** Opening Source material block **

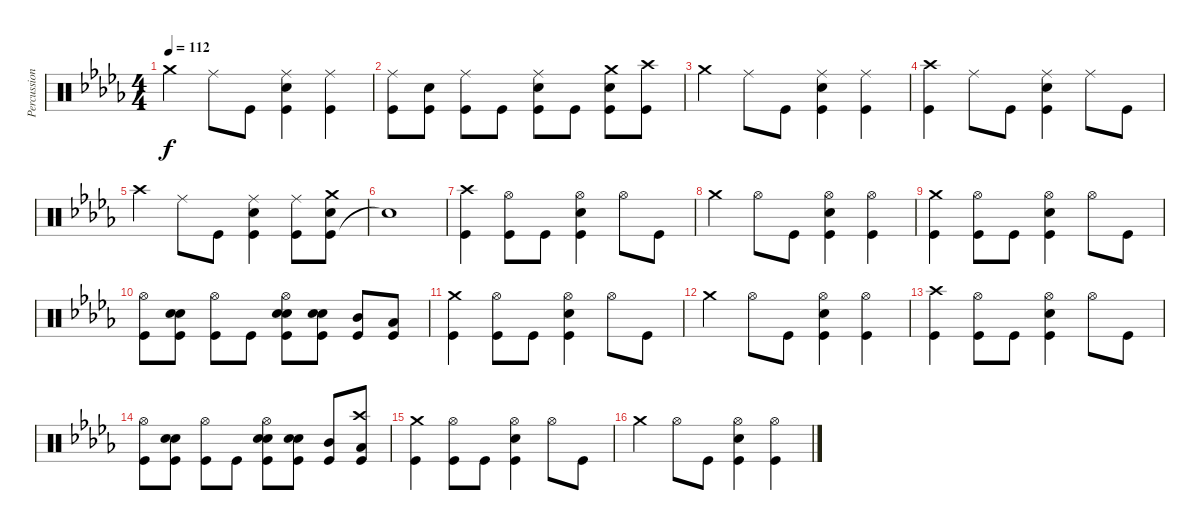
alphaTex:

\track ("Percussion" "Percussion") {instrument percussion}
\staff {score}
\articulation defaults
\ts (4 4)
\tempo 112
\clef neutral
\ks bbminor "Crash medium (hit)".4{dy f} "Ride (middle)".8 "Kick (hit)".8
("Kick (hit)" "Snare (hit) 2" "Ride (middle)").4 ("Kick (hit)" "Ride (middle)").4 |
("Kick (hit)" "Ride (middle)").8 ("Kick (hit)" "Snare (hit) 2").8 ("Kick (hit)" "Ride (middle)").8 "Kick (hit)".8 ("Kick (hit)" "Snare (hit) 2" "Ride (middle)").8 "Kick (hit)".8 ("Kick (hit)" "Snare (hit) 2" "Crash medium (hit)").8 ("Kick (hit)" "Crash high (hit)").8 |
"Crash medium (hit)".4 "Ride (middle)".8 "Kick (hit)".8 ("Kick (hit)" "Snare (hit) 2" "Ride (middle)").4 ("Kick (hit)" "Ride (middle)").4 |
("Kick (hit)" "Crash high (hit)").4 "Ride (middle)".8 "Kick (hit)".8 ("Kick (hit)" "Snare (hit) 2" "Ride (middle)").4 "Ride (middle)".8 "Kick (hit)".8 |
"Crash high (hit)".4 "Ride (middle)".8 "Kick (hit)".8 ("Kick (hit)" "Snare (hit) 2" "Ride (middle)").4 ("Kick (hit)" "Ride (middle)").8 ("Kick (hit)" "Snare (hit) 2" "Crash medium (hit)").8 |
"Snare (hit)"{t}.1 |
("Kick (hit)" "Crash high (hit)").4 ("Kick (hit)" "Hi-Hat (open)").8 "Kick (hit)".8 ("Kick (hit)" "Snare (hit) 2" "Hi-Hat (open)").4 "Hi-Hat (open)".8 "Kick (hit)".8 |
"Crash medium (hit)".4 "Hi-Hat (open)".8 "Kick (hit)".8 ("Kick (hit)" "Snare (hit) 2" "Hi-Hat (open)").4 ("Kick (hit)" "Hi-Hat (open)").4 |
("Kick (hit)" "Crash medium (hit)").4 ("Kick (hit)" "Hi-Hat (open)").8 "Kick (hit)".8 ("Kick (hit)" "Snare (hit) 2" "Hi-Hat (open)").4 "Hi-Hat (open)".8 "Kick (hit)".8 |
("Kick (hit)" "Hi-Hat (open)").8 ("Kick (hit)" "Snare (hit) 2" "Snare (hit) 2").8 ("Kick (hit)" "Hi-Hat (open)").8 "Kick (hit)".8 ("Kick (hit)" "Snare (hit) 2" "Snare (hit) 2" "Hi-Hat (open)").8 ("Kick (hit)" "Snare (hit) 2" "Snare (hit) 2").8 ("Kick (hit)" "Mid Tom (hit)").8 ("Kick (hit)" "Low Tom (hit)").8 |
("Kick (hit)" "Crash medium (hit)").4 ("Kick (hit)" "Hi-Hat (open)").8 "Kick (hit)".8 ("Kick (hit)" "Snare (hit) 2" "Hi-Hat (open)").4 "Hi-Hat (open)".8 "Kick (hit)".8 |
"Crash medium (hit)".4 "Hi-Hat (open)".8 "Kick (hit)".8 ("Kick (hit)" "Snare (hit) 2" "Hi-Hat (open)").4 ("Kick (hit)" "Hi-Hat (open)").4 |
("Kick (hit)" "Crash high (hit)").4 ("Kick (hit)" "Hi-Hat (open)").8 "Kick (hit)".8 ("Kick (hit)" "Snare (hit) 2" "Hi-Hat (open)").4 "Hi-Hat (open)".8 "Kick (hit)".8 |
("Kick (hit)" "Hi-Hat (open)").8 ("Kick (hit)" "Snare (hit) 2" "Snare (hit) 2").8 ("Kick (hit)" "Hi-Hat (open)").8 "Kick (hit)".8 ("Kick (hit)" "Snare (hit) 2" "Snare (hit) 2" "Hi-Hat (open)").8 ("Kick (hit)" "Snare (hit) 2" "Snare (hit) 2").8 ("Kick (hit)" "Mid Tom (hit)").8 ("Kick (hit)" "Low Tom (hit)" "Crash high (hit)").8 |
("Kick (hit)" "Crash medium (hit)").4 ("Kick (hit)" "Hi-Hat (open)").8 "Kick (hit)".8 ("Kick (hit)" "Snare (hit) 2" "Hi-Hat (open)").4 "Hi-Hat (open)".8 "Kick (hit)".8 |
"Crash medium (hit)".4 "Hi-Hat (open)".8 "Kick (hit)".8 ("Kick (hit)" "Snare (hit) 2" "Hi-Hat (open)").4 ("Kick (hit)" "Hi-Hat (open)").4

** Closing Source material block **

The problem
Set out every record exactly, images excluded.

Solution
alphaTex:

\track ("Percussion" "Percussion") {instrument percussion}
\staff {score}
\articulation defaults
\ts (4 4)
\tempo 112
\clef neutral
\ks bbminor "Crash medium (hit)".4{dy f} "Ride (middle)".8 "Kick (hit)".8
("Kick (hit)" "Snare (hit) 2" "Ride (middle)").4 ("Kick (hit)" "Ride (middle)").4 |
("Kick (hit)" "Ride (middle)").8 ("Kick (hit)" "Snare (hit) 2").8 ("Kick (hit)" "Ride (middle)").8 "Kick (hit)".8 ("Kick (hit)" "Snare (hit) 2" "Ride (middle)").8 "Kick (hit)".8 ("Kick (hit)" "Snare (hit) 2" "Crash medium (hit)").8 ("Kick (hit)" "Crash high (hit)").8 |
"Crash medium (hit)".4 "Ride (middle)".8 "Kick (hit)".8 ("Kick (hit)" "Snare (hit) 2" "Ride (middle)").4 ("Kick (hit)" "Ride (middle)").4 |
("Kick (hit)" "Crash high (hit)").4 "Ride (middle)".8 "Kick (hit)".8 ("Kick (hit)" "Snare (hit) 2" "Ride (middle)").4 "Ride (middle)".8 "Kick (hit)".8 |
"Crash high (hit)".4 "Ride (middle)".8 "Kick (hit)".8 ("Kick (hit)" "Snare (hit) 2" "Ride (middle)").4 ("Kick (hit)" "Ride (middle)").8 ("Kick (hit)" "Snare (hit) 2" "Crash medium (hit)").8 |
"Snare (hit)"{t}.1 |
("Kick (hit)" "Crash high (hit)").4 ("Kick (hit)" "Hi-Hat (open)").8 "Kick (hit)".8 ("Kick (hit)" "Snare (hit) 2" "Hi-Hat (open)").4 "Hi-Hat (open)".8 "Kick (hit)".8 |
"Crash medium (hit)".4 "Hi-Hat (open)".8 "Kick (hit)".8 ("Kick (hit)" "Snare (hit) 2" "Hi-Hat (open)").4 ("Kick (hit)" "Hi-Hat (open)").4 |
("Kick (hit)" "Crash medium (hit)").4 ("Kick (hit)" "Hi-Hat (open)").8 "Kick (hit)".8 ("Kick (hit)" "Snare (hit) 2" "Hi-Hat (open)").4 "Hi-Hat (open)".8 "Kick (hit)".8 |
("Kick (hit)" "Hi-Hat (open)").8 ("Kick (hit)" "Snare (hit) 2" "Snare (hit) 2").8 ("Kick (hit)" "Hi-Hat (open)").8 "Kick (hit)".8 ("Kick (hit)" "Snare (hit) 2" "Snare (hit) 2" "Hi-Hat (open)").8 ("Kick (hit)" "Snare (hit) 2" "Snare (hit) 2").8 ("Kick (hit)" "Mid Tom (hit)").8 ("Kick (hit)" "Low Tom (hit)").8 |
("Kick (hit)" "Crash medium (hit)").4 ("Kick (hit)" "Hi-Hat (open)").8 "Kick (hit)".8 ("Kick (hit)" "Snare (hit) 2" "Hi-Hat (open)").4 "Hi-Hat (open)".8 "Kick (hit)".8 |
"Crash medium (hit)".4 "Hi-Hat (open)".8 "Kick (hit)".8 ("Kick (hit)" "Snare (hit) 2" "Hi-Hat (open)").4 ("Kick (hit)" "Hi-Hat (open)").4 |
("Kick (hit)" "Crash high (hit)").4 ("Kick (hit)" "Hi-Hat (open)").8 "Kick (hit)".8 ("Kick (hit)" "Snare (hit) 2" "Hi-Hat (open)").4 "Hi-Hat (open)".8 "Kick (hit)".8 |
("Kick (hit)" "Hi-Hat (open)").8 ("Kick (hit)" "Snare (hit) 2" "Snare (hit) 2").8 ("Kick (hit)" "Hi-Hat (open)").8 "Kick (hit)".8 ("Kick (hit)" "Snare (hit) 2" "Snare (hit) 2" "Hi-Hat (open)").8 ("Kick (hit)" "Snare (hit) 2" "Snare (hit) 2").8 ("Kick (hit)" "Mid Tom (hit)").8 ("Kick (hit)" "Low Tom (hit)" "Crash high (hit)").8 |
("Kick (hit)" "Crash medium (hit)").4 ("Kick (hit)" "Hi-Hat (open)").8 "Kick (hit)".8 ("Kick (hit)" "Snare (hit) 2" "Hi-Hat (open)").4 "Hi-Hat (open)".8 "Kick (hit)".8 |
"Crash medium (hit)".4 "Hi-Hat (open)".8 "Kick (hit)".8 ("Kick (hit)" "Snare (hit) 2" "Hi-Hat (open)").4 ("Kick (hit)" "Hi-Hat (open)").4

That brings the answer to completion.